Action item: Could you output the whole listing exactly as it stands, minus any images?

Material provided:
━━━━━━━━

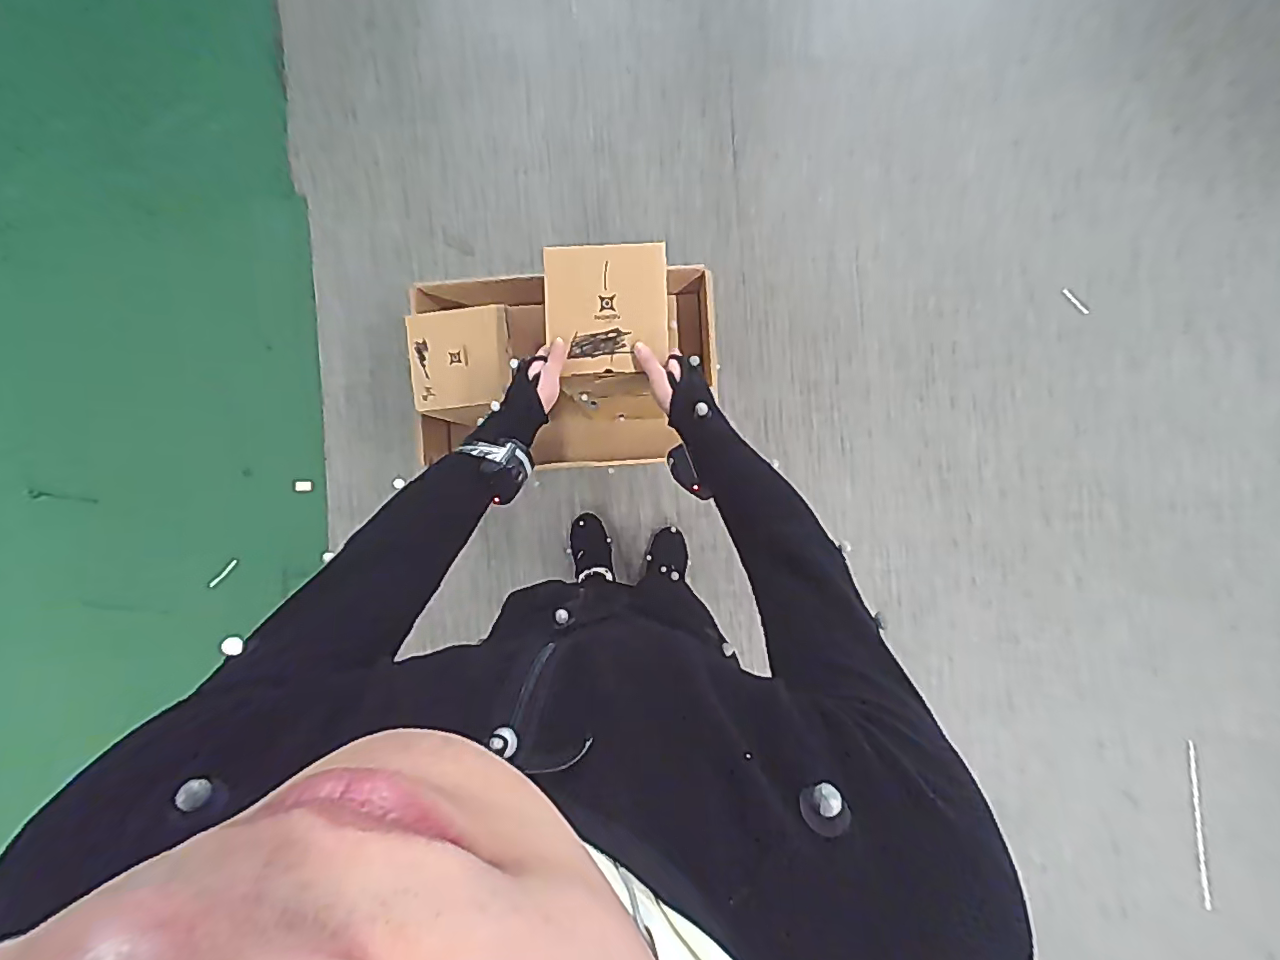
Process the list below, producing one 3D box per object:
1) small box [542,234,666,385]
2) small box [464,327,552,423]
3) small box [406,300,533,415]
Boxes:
[{"bbox_3d":[-0.045,-0.236,0.793,0.168,0.176,0.179,-2,90,1],"label":"small box"},{"bbox_3d":[-0.293,-0.215,1.146,0.179,0.176,0.168,-4,90,1],"label":"small box"},{"bbox_3d":[-0.298,-0.214,0.983,0.179,0.176,0.168,-6,90,1],"label":"small box"}]
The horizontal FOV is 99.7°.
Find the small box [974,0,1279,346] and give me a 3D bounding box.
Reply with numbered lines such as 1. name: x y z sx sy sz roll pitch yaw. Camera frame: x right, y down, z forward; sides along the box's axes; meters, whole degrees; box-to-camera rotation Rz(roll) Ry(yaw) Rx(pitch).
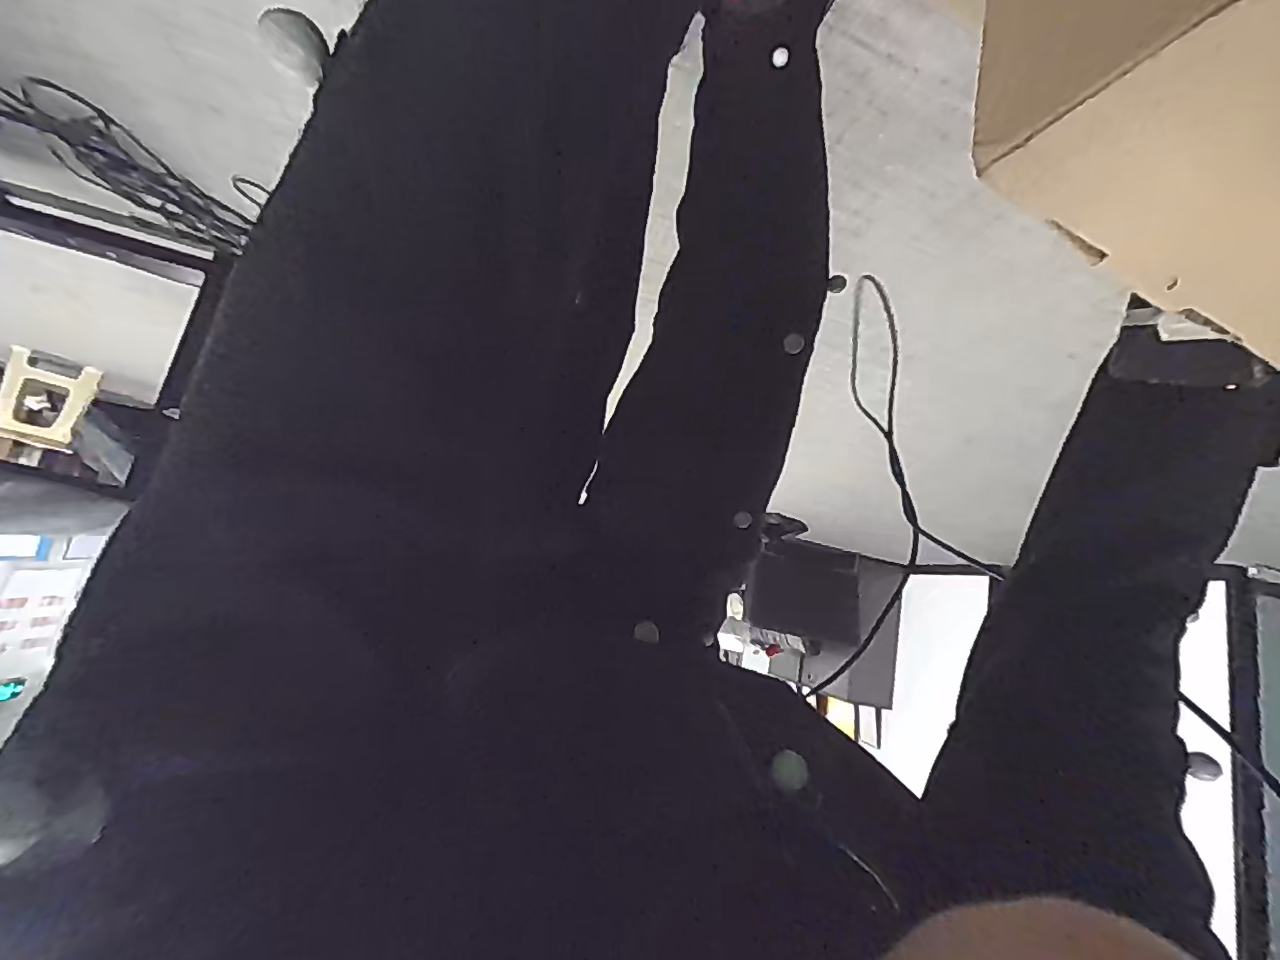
1. small box: 0.209 -0.157 0.108 0.168 0.176 0.179 15 167 -18
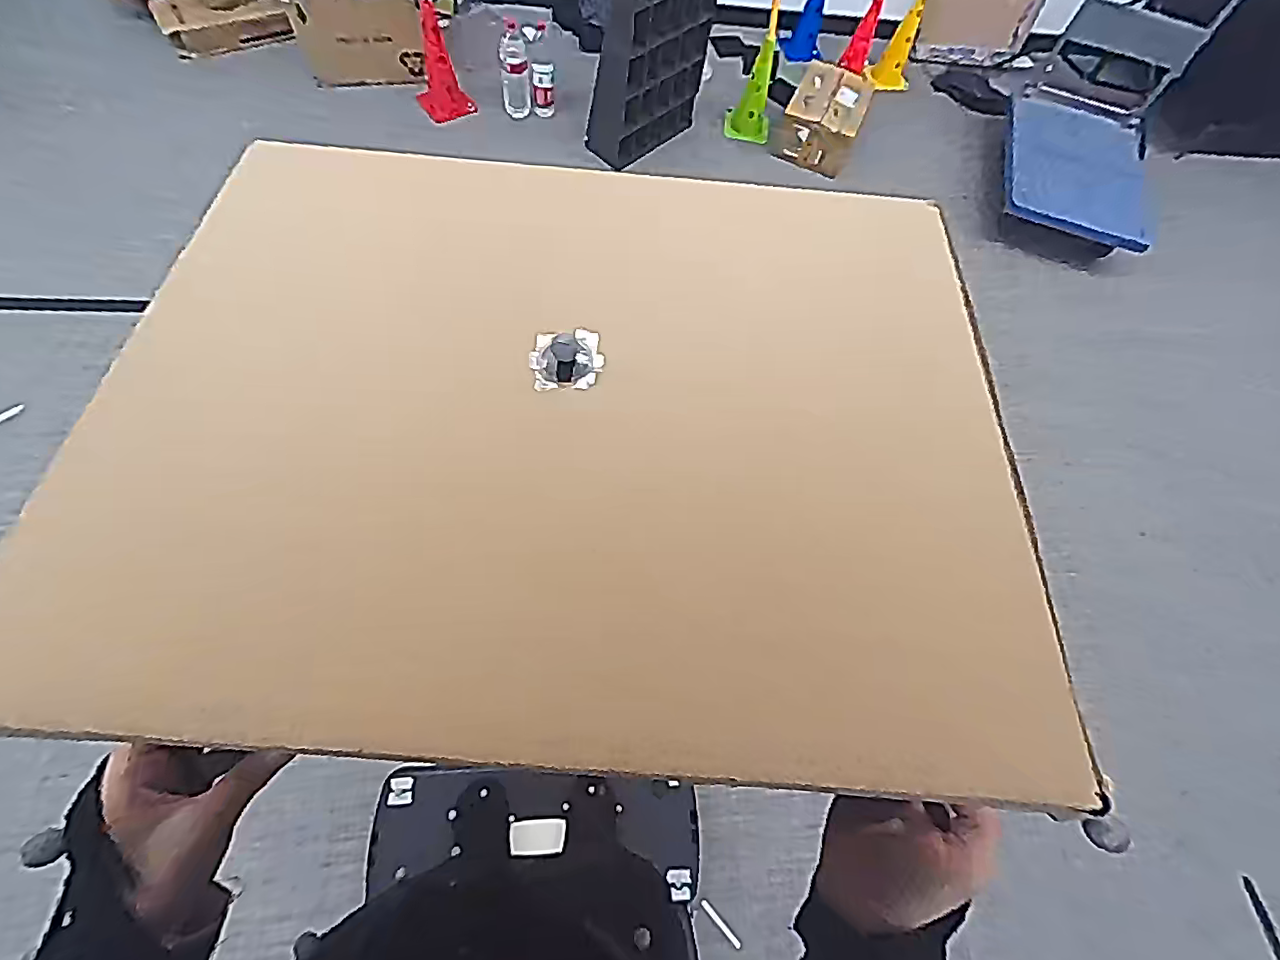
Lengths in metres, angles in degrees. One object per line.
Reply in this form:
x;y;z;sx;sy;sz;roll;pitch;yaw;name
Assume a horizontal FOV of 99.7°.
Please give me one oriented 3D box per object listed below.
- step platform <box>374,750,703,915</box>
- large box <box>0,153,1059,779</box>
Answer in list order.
-0.204;0.756;1.190;0.684;0.204;0.286;5;66;-6;step platform
-0.054;0.016;0.380;0.408;0.320;0.320;3;65;0;large box
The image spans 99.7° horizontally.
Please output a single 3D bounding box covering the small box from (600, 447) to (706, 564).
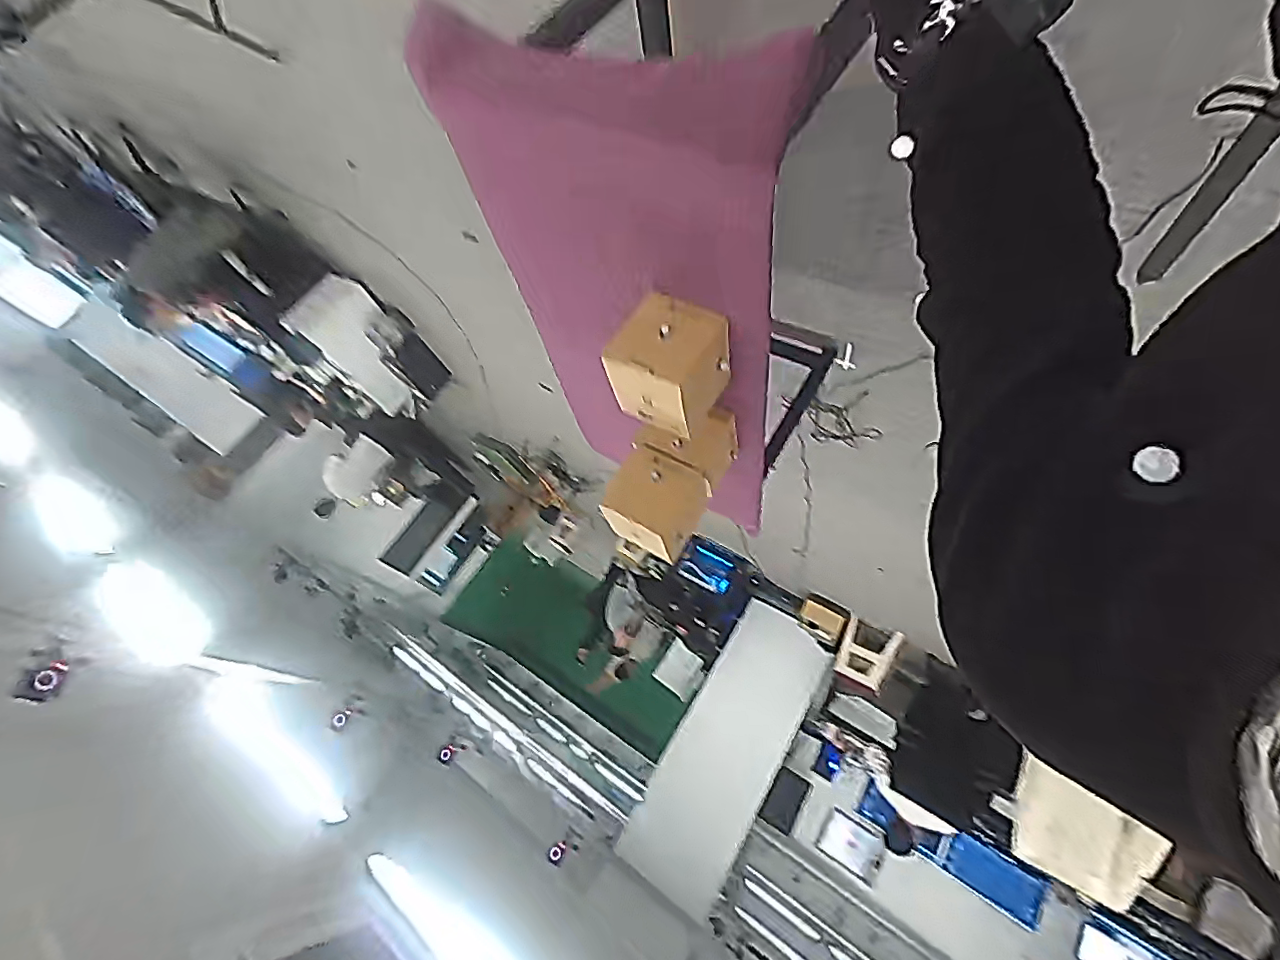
[{"bbox_3d":[0.039,0.057,1.220,0.168,0.176,0.179,26,160,23],"label":"small box"}]

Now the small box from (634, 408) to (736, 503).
[{"bbox_3d":[0.116,-0.077,1.278,0.179,0.176,0.168,26,161,26],"label":"small box"}]

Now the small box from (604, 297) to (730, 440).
[{"bbox_3d":[0.059,-0.212,1.020,0.168,0.176,0.179,26,161,22],"label":"small box"}]
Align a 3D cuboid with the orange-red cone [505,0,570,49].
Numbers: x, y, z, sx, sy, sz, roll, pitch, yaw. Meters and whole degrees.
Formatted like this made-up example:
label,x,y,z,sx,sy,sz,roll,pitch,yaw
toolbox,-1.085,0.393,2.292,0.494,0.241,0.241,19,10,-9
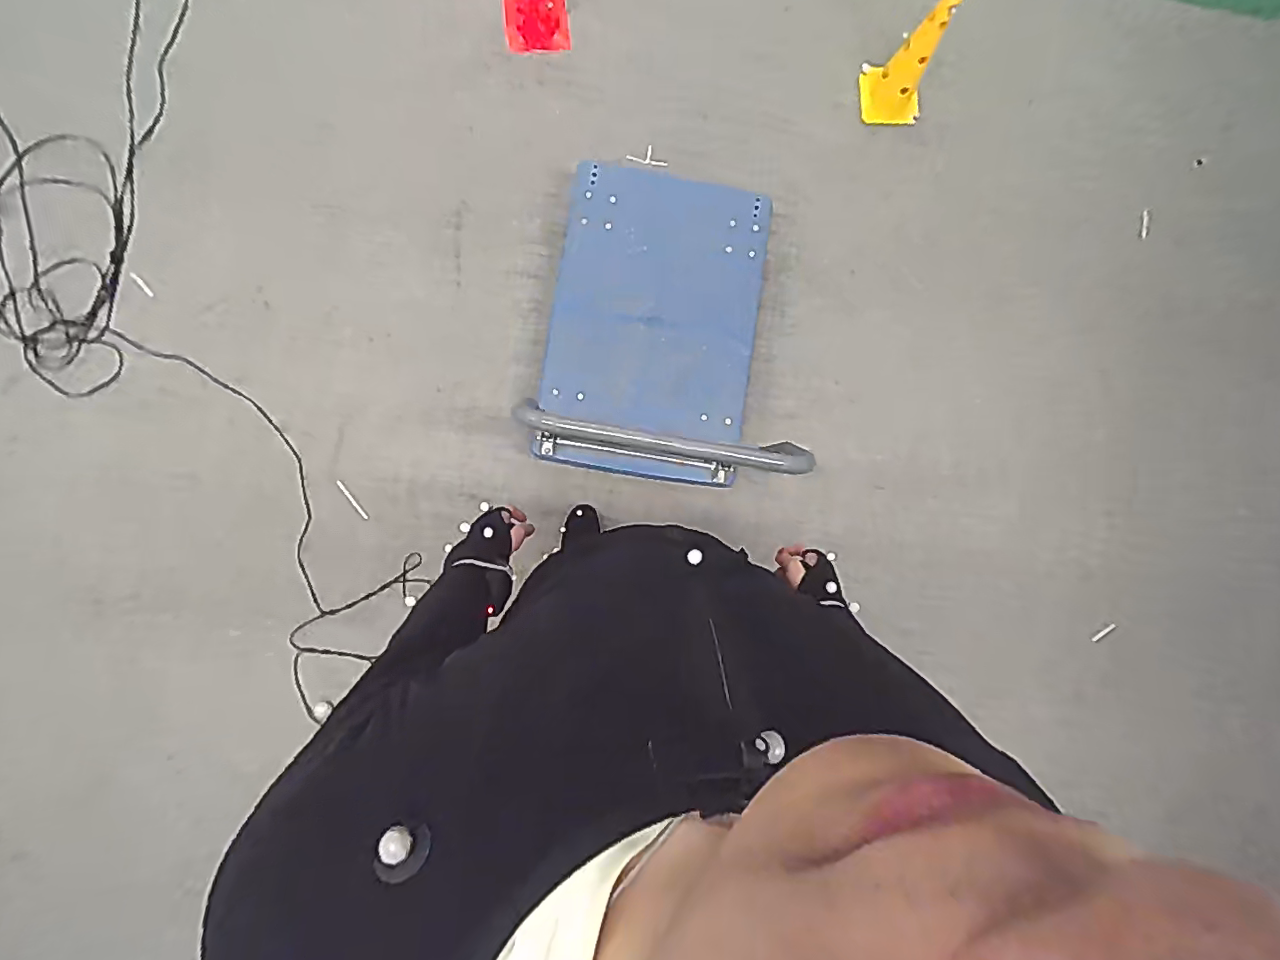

━━━━━━━━

Result of the exercise:
Process the list below, producing one 3D box per object:
1) small box [542,234,666,385]
2) small box [464,327,552,423]
3) small box [406,300,533,415]
Boxes:
[{"bbox_3d":[-0.045,-0.236,0.793,0.168,0.176,0.179,-2,90,1],"label":"small box"},{"bbox_3d":[-0.293,-0.215,1.146,0.179,0.176,0.168,-4,90,1],"label":"small box"},{"bbox_3d":[-0.298,-0.214,0.983,0.179,0.176,0.168,-6,90,1],"label":"small box"}]
The horizontal FOV is 99.7°.
Find the small box [974,0,1279,346] and give me a 3D bounding box.
Reply with numbered lines such as 1. name: x y z sx sy sz roll pitch yaw. Camera frame: x right, y down, z forward; sides along the box's axes; meters, whole degrees; box-to-camera rotation Rz(roll) Ry(yaw) Rx(pitch).
1. small box: 0.209 -0.157 0.108 0.168 0.176 0.179 15 167 -18
Lengths in metres, angles in degrees. One object per line.
Reply in this form:
x;y;z;sx;sy;sz;roll;pitch;yaw;name
Assume a horizontal FOV of 99.7°.
Please give me one oriented 3D box per object listed below.
- step platform <box>374,750,703,915</box>
- large box <box>0,153,1059,779</box>
Answer in list order.
-0.204;0.756;1.190;0.684;0.204;0.286;5;66;-6;step platform
-0.054;0.016;0.380;0.408;0.320;0.320;3;65;0;large box
The image spans 99.7° horizontally.
Please output a single 3D bounding box covering the small box from (600, 447) to (706, 564).
[{"bbox_3d":[0.039,0.057,1.220,0.168,0.176,0.179,26,160,23],"label":"small box"}]

Now the small box from (634, 408) to (736, 503).
[{"bbox_3d":[0.116,-0.077,1.278,0.179,0.176,0.168,26,161,26],"label":"small box"}]

Now the small box from (604, 297) to (730, 440).
[{"bbox_3d":[0.059,-0.212,1.020,0.168,0.176,0.179,26,161,22],"label":"small box"}]
Align a 3D cuboid with the orange-red cone [505,0,570,49].
Numbers: x, y, z, sx, sy, sz, roll, pitch, yaw. Meters and whole degrees.
Formatted like this made-up example:
label,x,y,z,sx,sy,sz,roll,pitch,yaw
toolbox,-1.085,0.393,2.292,0.494,0.241,0.241,19,10,-9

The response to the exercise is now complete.